--- Excerpted data ---

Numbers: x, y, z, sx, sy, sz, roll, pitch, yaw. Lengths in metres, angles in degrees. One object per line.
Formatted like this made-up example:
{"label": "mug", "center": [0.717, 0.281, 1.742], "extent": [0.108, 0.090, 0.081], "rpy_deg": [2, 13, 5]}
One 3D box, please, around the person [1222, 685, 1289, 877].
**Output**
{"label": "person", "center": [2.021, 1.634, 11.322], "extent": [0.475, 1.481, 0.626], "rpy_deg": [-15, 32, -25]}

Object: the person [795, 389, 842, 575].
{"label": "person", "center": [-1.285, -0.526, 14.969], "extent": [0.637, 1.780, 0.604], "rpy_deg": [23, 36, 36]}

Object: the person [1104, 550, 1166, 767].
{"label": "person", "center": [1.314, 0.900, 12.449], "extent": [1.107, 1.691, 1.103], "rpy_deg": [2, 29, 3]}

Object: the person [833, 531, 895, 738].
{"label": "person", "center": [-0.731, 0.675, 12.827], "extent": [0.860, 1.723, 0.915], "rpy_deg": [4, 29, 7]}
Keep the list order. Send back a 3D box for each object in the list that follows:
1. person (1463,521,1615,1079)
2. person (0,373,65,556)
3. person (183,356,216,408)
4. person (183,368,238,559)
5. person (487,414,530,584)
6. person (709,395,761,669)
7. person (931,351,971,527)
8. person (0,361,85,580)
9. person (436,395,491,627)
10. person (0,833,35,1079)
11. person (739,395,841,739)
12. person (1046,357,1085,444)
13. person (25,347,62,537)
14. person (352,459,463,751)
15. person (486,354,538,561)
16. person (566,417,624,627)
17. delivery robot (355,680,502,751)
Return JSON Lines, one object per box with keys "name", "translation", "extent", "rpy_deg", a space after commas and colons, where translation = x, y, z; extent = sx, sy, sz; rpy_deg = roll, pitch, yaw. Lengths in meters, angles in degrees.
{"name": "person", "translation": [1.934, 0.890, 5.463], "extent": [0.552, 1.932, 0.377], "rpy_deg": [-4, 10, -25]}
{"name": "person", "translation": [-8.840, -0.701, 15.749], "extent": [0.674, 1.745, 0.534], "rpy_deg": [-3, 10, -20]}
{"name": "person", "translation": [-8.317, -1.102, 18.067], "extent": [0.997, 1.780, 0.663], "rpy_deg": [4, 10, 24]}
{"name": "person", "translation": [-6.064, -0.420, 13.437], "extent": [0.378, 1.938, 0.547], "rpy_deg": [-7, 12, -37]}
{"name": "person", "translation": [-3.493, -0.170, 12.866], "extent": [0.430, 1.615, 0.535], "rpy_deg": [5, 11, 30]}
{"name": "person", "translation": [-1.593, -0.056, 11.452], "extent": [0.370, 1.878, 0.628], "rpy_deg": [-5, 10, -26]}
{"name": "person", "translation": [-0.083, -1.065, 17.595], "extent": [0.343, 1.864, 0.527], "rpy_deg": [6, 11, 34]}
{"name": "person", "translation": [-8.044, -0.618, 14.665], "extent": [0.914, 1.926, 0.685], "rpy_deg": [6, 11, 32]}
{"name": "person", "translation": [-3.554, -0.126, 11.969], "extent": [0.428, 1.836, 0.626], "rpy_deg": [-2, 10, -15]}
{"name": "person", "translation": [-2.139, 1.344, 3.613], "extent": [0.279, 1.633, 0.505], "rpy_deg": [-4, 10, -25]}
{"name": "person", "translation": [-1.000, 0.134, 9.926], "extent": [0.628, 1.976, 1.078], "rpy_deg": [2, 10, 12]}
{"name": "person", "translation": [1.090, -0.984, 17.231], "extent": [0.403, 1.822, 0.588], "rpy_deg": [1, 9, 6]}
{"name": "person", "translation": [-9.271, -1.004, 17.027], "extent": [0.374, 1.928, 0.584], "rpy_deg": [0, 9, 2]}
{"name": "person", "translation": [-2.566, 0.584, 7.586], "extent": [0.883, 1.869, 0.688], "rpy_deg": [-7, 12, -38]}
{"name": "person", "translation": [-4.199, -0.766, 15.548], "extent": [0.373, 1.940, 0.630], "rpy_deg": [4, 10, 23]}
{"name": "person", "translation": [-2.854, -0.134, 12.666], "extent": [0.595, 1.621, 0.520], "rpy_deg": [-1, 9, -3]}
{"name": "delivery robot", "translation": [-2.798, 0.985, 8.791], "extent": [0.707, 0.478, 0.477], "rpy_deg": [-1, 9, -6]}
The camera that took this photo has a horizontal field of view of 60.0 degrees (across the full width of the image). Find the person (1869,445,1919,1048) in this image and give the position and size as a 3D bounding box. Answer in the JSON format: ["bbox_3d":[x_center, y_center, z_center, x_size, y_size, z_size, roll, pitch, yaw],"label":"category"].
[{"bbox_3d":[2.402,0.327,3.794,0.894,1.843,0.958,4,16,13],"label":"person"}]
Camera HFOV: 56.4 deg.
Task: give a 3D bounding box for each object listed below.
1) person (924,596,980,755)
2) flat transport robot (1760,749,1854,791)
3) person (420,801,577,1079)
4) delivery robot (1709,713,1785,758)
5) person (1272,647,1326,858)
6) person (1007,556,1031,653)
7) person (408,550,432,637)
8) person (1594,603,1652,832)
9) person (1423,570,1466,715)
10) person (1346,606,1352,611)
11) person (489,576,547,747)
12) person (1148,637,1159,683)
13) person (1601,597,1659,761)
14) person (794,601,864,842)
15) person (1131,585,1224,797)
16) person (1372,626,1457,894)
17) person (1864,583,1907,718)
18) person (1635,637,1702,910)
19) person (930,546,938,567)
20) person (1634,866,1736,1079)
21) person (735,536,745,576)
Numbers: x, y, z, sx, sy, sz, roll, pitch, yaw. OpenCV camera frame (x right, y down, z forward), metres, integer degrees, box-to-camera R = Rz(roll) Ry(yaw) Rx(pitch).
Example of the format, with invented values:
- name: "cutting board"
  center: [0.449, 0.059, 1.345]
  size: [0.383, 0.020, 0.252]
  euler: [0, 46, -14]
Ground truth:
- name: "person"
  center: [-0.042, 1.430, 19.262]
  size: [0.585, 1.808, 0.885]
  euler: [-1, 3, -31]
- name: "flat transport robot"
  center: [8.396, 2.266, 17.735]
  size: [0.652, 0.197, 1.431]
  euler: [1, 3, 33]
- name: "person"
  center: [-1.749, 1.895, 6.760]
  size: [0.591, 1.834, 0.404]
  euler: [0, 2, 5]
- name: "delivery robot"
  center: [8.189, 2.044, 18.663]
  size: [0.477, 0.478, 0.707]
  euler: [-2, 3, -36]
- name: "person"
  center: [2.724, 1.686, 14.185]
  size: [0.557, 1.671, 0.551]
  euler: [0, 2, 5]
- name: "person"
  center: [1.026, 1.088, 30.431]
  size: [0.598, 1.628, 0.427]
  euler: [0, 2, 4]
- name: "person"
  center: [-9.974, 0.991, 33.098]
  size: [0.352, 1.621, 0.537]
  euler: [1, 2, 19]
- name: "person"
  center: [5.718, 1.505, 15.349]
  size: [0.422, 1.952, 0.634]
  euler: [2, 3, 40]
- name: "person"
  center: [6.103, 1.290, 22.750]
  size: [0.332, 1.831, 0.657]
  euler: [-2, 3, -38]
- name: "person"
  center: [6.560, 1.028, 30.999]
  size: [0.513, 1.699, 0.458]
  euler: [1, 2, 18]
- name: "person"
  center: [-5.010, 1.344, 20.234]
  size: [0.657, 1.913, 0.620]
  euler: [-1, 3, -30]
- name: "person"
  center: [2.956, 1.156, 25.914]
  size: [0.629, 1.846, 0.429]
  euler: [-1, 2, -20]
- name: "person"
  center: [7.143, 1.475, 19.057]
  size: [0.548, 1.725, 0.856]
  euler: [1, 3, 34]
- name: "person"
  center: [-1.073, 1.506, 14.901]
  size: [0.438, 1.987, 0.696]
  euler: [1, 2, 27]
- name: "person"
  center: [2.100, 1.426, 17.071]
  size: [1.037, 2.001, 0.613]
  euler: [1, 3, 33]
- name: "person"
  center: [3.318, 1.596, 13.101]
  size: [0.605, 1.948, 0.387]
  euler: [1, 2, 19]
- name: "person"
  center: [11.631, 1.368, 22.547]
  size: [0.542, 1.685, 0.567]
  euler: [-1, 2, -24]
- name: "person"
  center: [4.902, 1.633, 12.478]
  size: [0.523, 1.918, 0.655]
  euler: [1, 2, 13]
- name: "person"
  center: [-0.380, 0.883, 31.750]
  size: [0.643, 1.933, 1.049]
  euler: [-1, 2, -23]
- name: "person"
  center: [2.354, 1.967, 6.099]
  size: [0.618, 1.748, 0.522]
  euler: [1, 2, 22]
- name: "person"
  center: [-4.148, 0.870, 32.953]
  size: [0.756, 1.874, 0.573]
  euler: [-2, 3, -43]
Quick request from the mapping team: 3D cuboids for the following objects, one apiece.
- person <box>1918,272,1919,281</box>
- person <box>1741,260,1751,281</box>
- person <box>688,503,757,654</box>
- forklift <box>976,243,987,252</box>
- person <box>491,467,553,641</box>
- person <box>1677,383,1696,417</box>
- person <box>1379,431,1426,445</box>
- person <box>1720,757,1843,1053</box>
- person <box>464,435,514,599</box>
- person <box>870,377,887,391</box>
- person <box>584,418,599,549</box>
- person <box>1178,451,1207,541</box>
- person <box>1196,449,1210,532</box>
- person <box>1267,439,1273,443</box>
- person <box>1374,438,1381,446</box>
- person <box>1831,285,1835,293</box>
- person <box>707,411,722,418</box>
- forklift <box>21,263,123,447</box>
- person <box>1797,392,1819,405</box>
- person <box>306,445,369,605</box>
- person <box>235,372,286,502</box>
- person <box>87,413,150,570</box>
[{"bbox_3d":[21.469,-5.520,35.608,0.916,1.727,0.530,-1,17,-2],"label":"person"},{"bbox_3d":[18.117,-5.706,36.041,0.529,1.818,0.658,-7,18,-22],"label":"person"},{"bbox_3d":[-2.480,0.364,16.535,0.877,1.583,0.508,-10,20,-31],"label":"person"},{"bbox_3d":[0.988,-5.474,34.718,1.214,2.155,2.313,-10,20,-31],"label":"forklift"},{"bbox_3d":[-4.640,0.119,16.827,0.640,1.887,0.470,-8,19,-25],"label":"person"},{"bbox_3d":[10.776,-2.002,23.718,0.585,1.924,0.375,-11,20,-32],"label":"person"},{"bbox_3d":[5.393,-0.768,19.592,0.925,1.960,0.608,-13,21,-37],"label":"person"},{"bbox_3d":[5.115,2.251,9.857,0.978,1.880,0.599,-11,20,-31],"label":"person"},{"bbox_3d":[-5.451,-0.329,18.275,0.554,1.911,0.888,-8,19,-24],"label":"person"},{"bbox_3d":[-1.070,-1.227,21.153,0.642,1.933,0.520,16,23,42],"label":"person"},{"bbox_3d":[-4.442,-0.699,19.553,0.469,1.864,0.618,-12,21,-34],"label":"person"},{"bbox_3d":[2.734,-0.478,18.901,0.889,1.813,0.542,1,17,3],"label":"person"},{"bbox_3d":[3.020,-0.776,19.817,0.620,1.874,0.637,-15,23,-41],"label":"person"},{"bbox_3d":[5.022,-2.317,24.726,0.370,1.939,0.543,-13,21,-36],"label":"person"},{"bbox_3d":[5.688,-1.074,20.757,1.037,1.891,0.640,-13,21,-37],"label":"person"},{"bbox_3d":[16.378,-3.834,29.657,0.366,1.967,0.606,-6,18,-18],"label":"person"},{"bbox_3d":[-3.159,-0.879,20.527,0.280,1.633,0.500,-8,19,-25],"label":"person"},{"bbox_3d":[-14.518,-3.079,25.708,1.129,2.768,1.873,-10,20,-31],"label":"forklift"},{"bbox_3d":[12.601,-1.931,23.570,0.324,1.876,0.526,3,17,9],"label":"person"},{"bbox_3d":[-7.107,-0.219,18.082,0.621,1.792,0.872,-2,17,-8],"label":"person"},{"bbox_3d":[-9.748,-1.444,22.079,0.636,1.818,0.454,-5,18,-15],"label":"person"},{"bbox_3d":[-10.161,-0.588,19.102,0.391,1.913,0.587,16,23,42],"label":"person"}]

---

Assignment: Reproduce the lines above, beginning at the line with "- person <box>1797,392,1819,405</box>" and stopping after the line with "- person <box>235,372,286,502</box>", exactly as they are.

Result of the exercise:
- person <box>1797,392,1819,405</box>
- person <box>306,445,369,605</box>
- person <box>235,372,286,502</box>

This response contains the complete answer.